Validating input files with OpenTofu/Terraform

2025-02-11 - Works with JSON or YAML files
Tags: OpenTofu terraform

Introduction

I am used to building small abstraction layers over some OpenTofu/Terraform code via YAML input files. It would be too big an ask to require people (usually developers) unfamiliar with infrastructure automation to understand the intricacies of HCL, but filling up YAML (or JSON) files is no problem at all.

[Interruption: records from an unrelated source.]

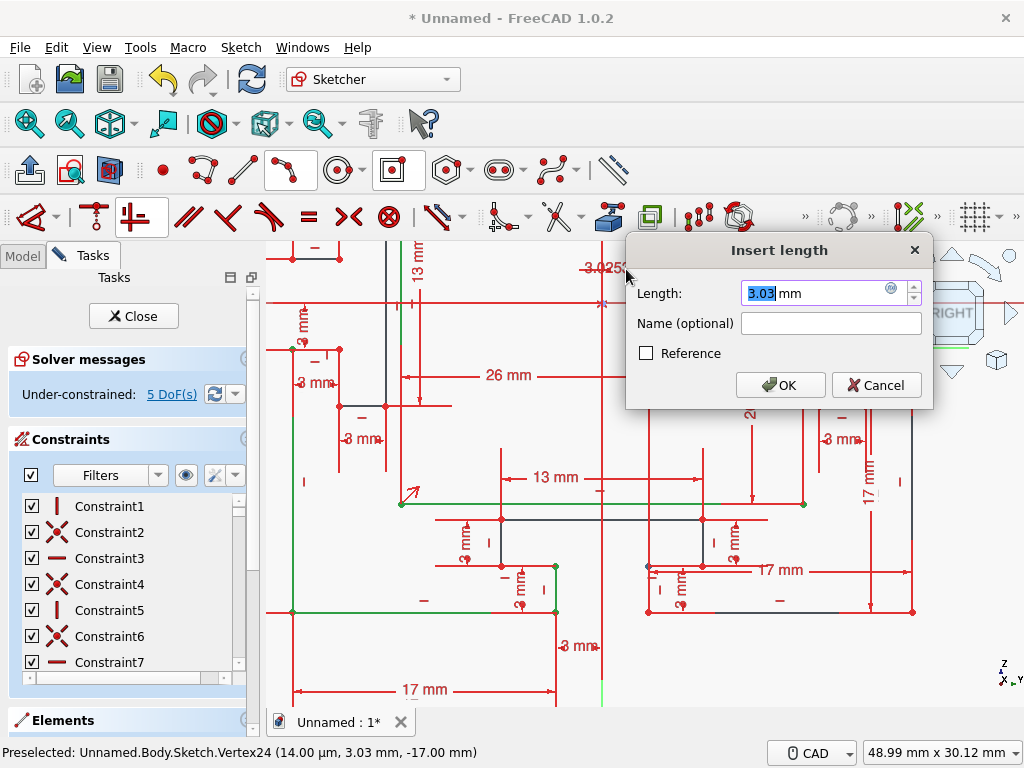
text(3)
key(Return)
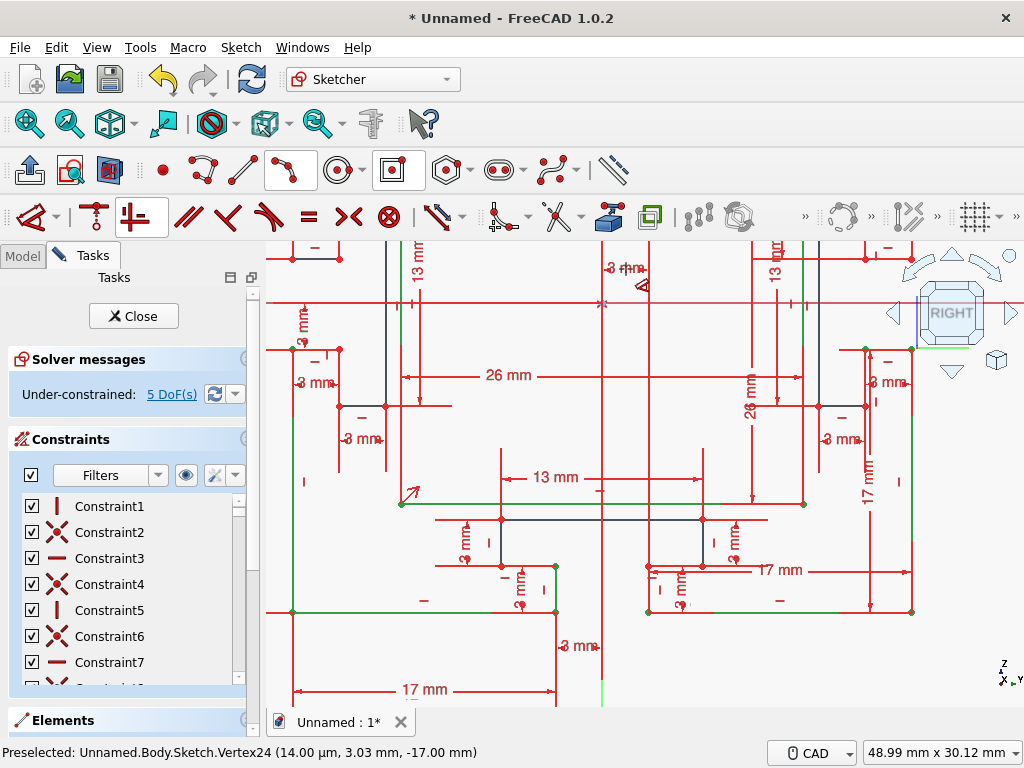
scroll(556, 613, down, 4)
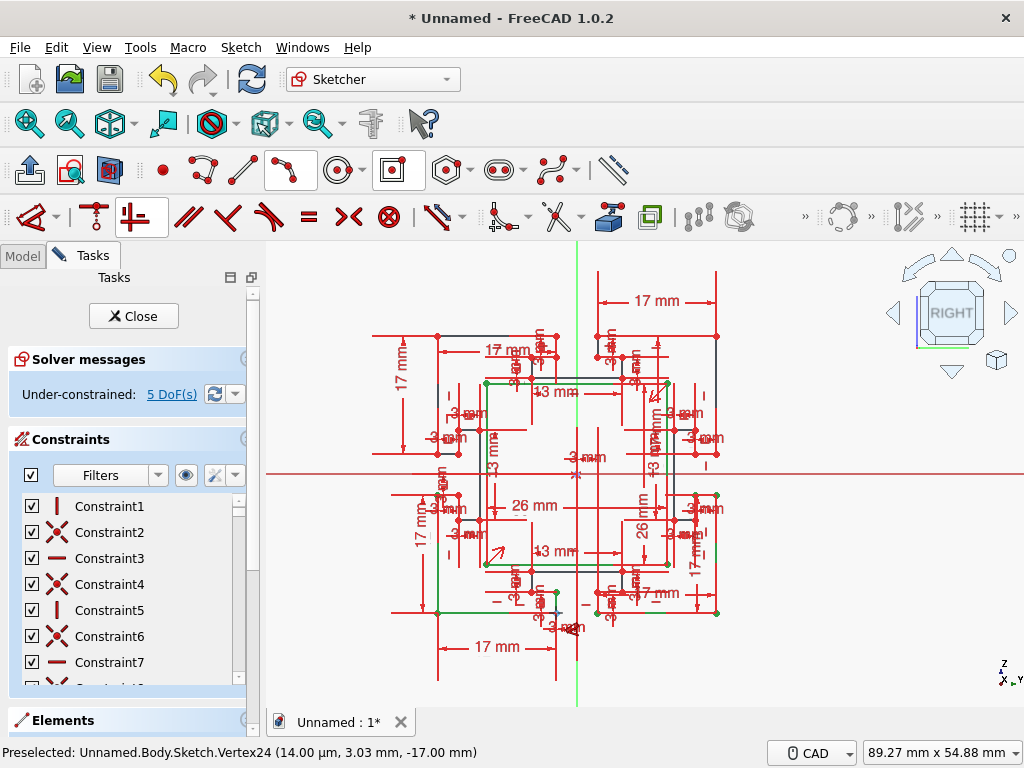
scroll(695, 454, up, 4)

In this article I will explain how I perform some measure of validation on these input files, as well as handle default values.

Input file validation

I am using two nested modules to abstract this validation away. I name the top module input and its job is to read and decode the input files, then call the nested validation module with them.

Input module

A simplified version of this input module contains the following:

output "data" {
  description = "The output of the validation module."
  value       = module.validation
}

locals {
  input_path = "${path.module}/../../../inputs"
}

module "validation" {
  source = "./validation/"

  teams = yamldecode(file("${local.input_path}/teams.yaml"))
  users = yamldecode(file("${local.input_path}/users.yaml"))
}

There is a single output to expose the validated data. The input_path should obviously point to where your inputs data lives.

The validation submodule

The validation module does the heavy lifting of validating the input, handling default values and mangling data in necessary ways. Here is a simplified example:

output "aws_iam_users" {
  description = "The aws IAM users data."
  value = { for user, info in var.users :
    user => info if info.admin.aws
  }
}

output "users" {
  description = "The users data."
  value       = var.users
}

variable "users" {
  description = "The yaml decoded contents of the users input file."
  nullable    = false
  type = map(object({
    admin = optional(object({
      aws    = optional(bool, false)
      github = optional(bool, false)
    }), {})
    email  = string
    github = optional(string, null)
  }))
  validation {
    condition = alltrue([for _, info in var.users :
      endswith(info.email, "@adyxax.org")
    ])
    error_message = "A user's email must be for the @adyxax.org domain."
  }
}

Here I have two outputs: one that mangles the input data a bit to filter AWS admin users, and another that simply returns the input data augmented by the default values. I added a validation block that checks that every users’ email address is on the proper domain.

Usage

Using this input module is as simple as:

module "input" {
  source = "../modules/input/"
}

With this, you can then do something with module.input.data.users or module.input.data.aws_iam_users. A common debugging step can be to run OpenTofu or Terraform with the console command and inspect the resulting input data.

Limitations

The main limitation of this validation system is that invalid (or misspelled) keys in the original input file are simply ignored by OpenTofu/Terraform. I did not find a way around it with just terraform which is frustrating!

A solution to this particular need that relies on outside tooling is to perform JSON schema or YAML schema validation. This solves the problem and runs nicely in a CI environment.

Conclusion

This pattern is really useful, use it without moderation!